Дядька Максима, Яков, пока так и не появлялся. А вот тётушка окружила племянника вниманием с лихвой. Вечером второго дня для нас организовали целое представление. Развели костры, девушки плясали и пели, юноши играли на гитарах. Когда какой-то молодой человек вышел в центр, взял инструмент и запел, зазвучали, кажется, очень знакомые слова. Но такой вариант исполнения я слышала впервые. Голос у певца был чудесный! Бархатный, будоражащий, достигающий самой души.
Белой акации гроздья душистые
Вновь аромата полны.
Вновь разливается песнь соловьиная
В тихом сиянье луны.
Помнишь ли лето: под белой акацией
Слушали песнь соловья?
Тихо шептала мне чудная, светлая:
«Милый, навеки твоя!»
Годы давно прошли, страсти остыли,
Молодость жизни прошла.
Но белой акации запаха нежного
Мне не забыть никогда!
Это была цыганская версия знаменитого романса. Следующая песня исполнялась на цыганском языке и оказалась более весёлой, даже зажигательной. Под неё так и хотелось пуститься в пляс! Едва зазвучали первые гитарные аккорды, как все девушки расступились, образовав круг. И в него вышла Вера. Гордо тряхнула смоляными локонами, вскинула подбородок, развела руки в стороны, придерживая края юбки, словно голубка, раскрывшая крылья перед полётом. Точёные девичьи плечики задрожали, одна ножка ударила об другую. Танцовщица быстро и ловко закружила по центру импровизированной сцены. Вера двигалась с особым упоением. Или может быть даже с отчаянием. Выгибалась, кружилась, волосы её развевались, юбки взлетали пёстрыми волнами, от которых рябило в глазах. На пухлых губах играла улыбка, на смуглых девичьих щеках — нежный румянец. А острый взгляд глубоких зелёных глаз пронзал насквозь.

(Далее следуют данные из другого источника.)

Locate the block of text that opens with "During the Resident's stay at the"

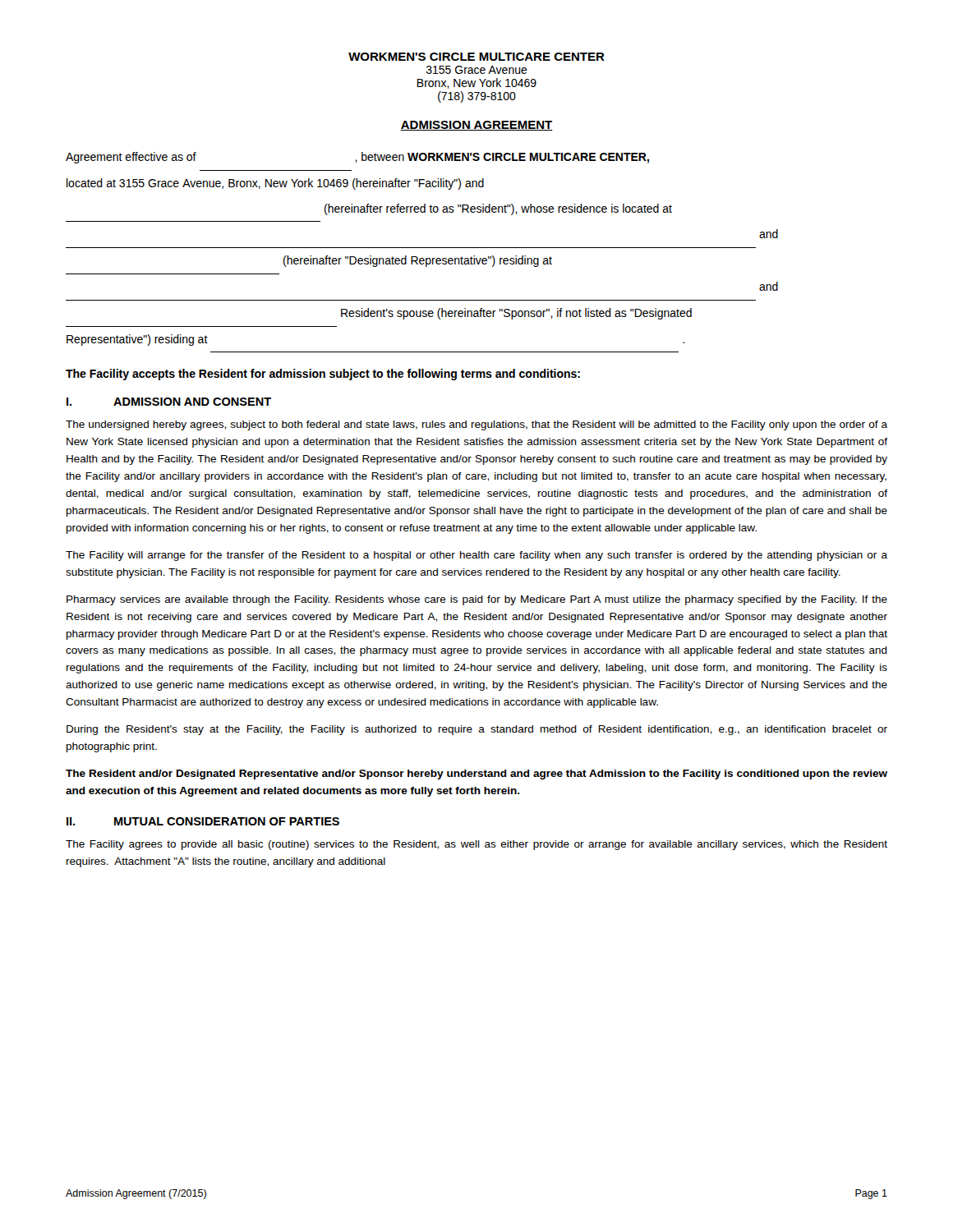pyautogui.click(x=476, y=738)

В какой-то момент она направилась в сторону Макса. Тот сидел у костра, положив руки на согнутые колени. Одетый в светлую муслиновую рубаху и бежевые шорты, он был очень хорош собой. В свете огня поблёскивали часы на его руке, в карих глазах плясали золотые искорки, а кожа приобрела какой-то медный оттенок.
Я играла с маленькой девочкой лет трёх. Весёлая и общительная малышка была почти единственной, кто безо всякого стеснения ко мне подходил. Со стороны видела, как Вера принялась кружиться перед Максом, будто танцевала только для него одного. Лицо Максима при этом стало непроницаемым, взгляд похолодел, на скулах заиграли желваки. Я в нём ни капли не сомневалась и была уверена, что никакой интрижки на стороне не будет. Но некоторые зрители принялись переглядываться, коситься на Макса, кривить губы в ухмылках.

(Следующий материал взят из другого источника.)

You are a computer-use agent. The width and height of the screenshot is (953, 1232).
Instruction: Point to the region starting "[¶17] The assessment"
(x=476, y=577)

Ночью мы долго гуляли по территории. Идти спать, несмотря на такой насыщенный день, не спешили. Спустились к берегу, разулись и шлёпали босиком по воде. Летняя крымская ночь была прекрасной, ею хотелось вдоволь надышаться, насмотреться на эти звёзды, наслушаться рокота моря и стрекота сверчков. Когда эти прекрасные звуки нарушил глухой крик, мы настороженно застыли и прислушались. Звуки ругани доносились со стороны дома Марии. Макс молча направился туда, а я поспешила за ним.

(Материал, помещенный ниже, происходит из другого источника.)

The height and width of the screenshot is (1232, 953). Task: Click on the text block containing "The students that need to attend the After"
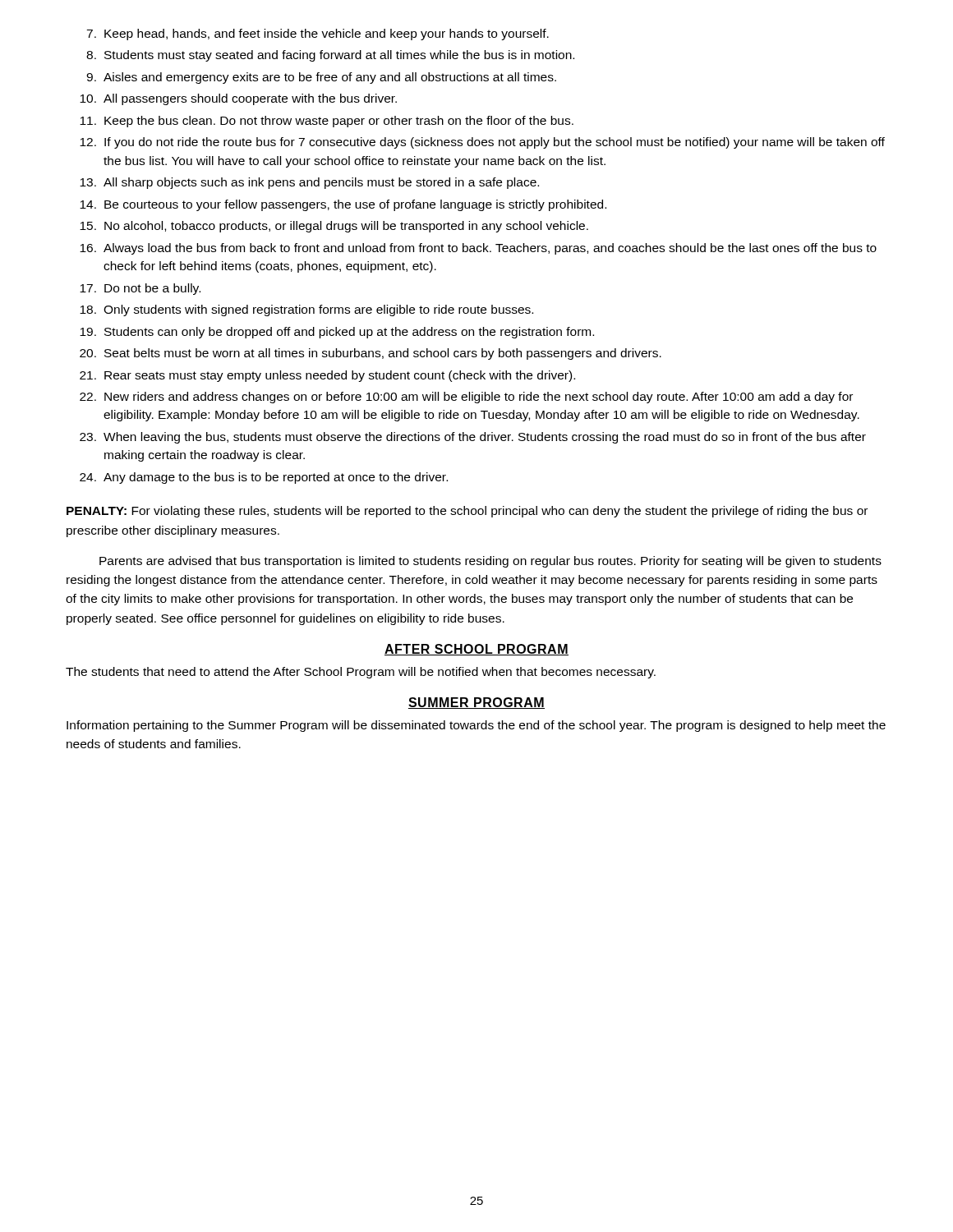tap(361, 671)

Здесь летом многие не запирают дома, оставляя на ночь двери открытыми, чтобы комнаты напитались прохладой. Поэтому так хорошо слышно было, что делается внутри. Когда вбежали, увидели Веру в одной ночной рубашке, сидящую на полу. Она пыталась защититься от ударов, но выходило плохо. Разъярённая Мария била, куда могла достать. И ругалась на своем языке вперемешку с русскими словами.